When a Smalltalk image saves, it's very analogous to a Windows or Linux box hibernating. The upshot of this -- you can think of the Smalltalk image as something like an OS that has been "up" since 1980! (With periods of hibernation.) The Squeak image is directly derived from the Smalltalk-80 image. The VisualWorks image has been incrementally evolved from it as well. The thing is a program that was brought up decades ago, and has hibernated, been replicated, but has never rebooted!
Steve is right that systems should never have to boot. You can have a whole OS that operates like that. (The Smalltalk image started out as an OS. In the original ST-80 image, there are 4 primitives for moving the drive head out, moving it in, lifting it off the platter, and putting it down!)
I have read a number of comments like this recently. I am very curious about what this implies but the person making the statement never gives an explanation.

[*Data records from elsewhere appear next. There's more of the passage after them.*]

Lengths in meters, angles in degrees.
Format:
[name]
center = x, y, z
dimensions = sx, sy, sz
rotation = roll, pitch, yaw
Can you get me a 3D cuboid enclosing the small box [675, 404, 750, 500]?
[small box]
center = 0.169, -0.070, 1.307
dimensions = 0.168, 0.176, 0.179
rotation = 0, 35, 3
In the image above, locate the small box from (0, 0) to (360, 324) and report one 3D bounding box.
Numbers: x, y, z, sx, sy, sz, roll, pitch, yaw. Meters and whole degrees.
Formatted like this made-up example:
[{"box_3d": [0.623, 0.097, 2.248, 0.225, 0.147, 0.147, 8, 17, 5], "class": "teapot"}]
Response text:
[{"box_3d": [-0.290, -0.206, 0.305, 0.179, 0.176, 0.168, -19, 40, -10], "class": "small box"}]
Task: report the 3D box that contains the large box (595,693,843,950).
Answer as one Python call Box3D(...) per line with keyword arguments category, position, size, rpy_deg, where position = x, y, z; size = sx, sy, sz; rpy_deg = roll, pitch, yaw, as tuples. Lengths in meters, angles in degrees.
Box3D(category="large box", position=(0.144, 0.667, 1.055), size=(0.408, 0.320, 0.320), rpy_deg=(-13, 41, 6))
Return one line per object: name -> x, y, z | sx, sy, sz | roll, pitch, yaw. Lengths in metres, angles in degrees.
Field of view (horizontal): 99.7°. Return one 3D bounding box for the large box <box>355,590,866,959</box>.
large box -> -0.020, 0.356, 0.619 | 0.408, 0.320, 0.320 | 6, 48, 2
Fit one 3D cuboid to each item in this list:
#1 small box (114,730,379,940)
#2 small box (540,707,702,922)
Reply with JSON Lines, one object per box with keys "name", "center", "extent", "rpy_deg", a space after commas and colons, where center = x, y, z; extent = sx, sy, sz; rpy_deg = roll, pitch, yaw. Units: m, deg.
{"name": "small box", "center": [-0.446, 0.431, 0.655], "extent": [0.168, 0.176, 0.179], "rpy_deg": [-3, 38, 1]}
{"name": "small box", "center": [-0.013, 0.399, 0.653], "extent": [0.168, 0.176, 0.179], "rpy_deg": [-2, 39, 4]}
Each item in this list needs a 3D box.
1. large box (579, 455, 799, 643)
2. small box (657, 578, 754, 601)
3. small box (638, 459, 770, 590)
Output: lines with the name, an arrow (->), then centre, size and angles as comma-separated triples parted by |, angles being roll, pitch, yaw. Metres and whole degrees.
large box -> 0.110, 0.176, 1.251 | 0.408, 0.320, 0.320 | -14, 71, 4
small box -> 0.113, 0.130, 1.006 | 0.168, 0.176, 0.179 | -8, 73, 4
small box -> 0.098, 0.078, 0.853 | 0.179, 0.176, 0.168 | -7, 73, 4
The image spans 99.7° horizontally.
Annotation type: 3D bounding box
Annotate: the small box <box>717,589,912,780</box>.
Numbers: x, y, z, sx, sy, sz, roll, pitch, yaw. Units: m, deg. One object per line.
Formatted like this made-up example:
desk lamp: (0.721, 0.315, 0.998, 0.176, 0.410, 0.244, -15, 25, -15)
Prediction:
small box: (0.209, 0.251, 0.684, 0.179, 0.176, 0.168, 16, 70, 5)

Yegge at his grand best. But he didn't mention the most lively of all living software: software that gets smarter with use - i.e. makes use of using machine learning. This is the software that feels most alive to its creator and users. It grows like a dog or a child. The software Stevey talks about merely grows like a city.
Steve is right that systems should never have to boot. You can have a whole OS that operates like that. (The Smalltalk image started out as an OS. In the original ST-80 image, there are 4 primitives for moving the drive head out, moving it in, lifting it off the platter, and putting it down!)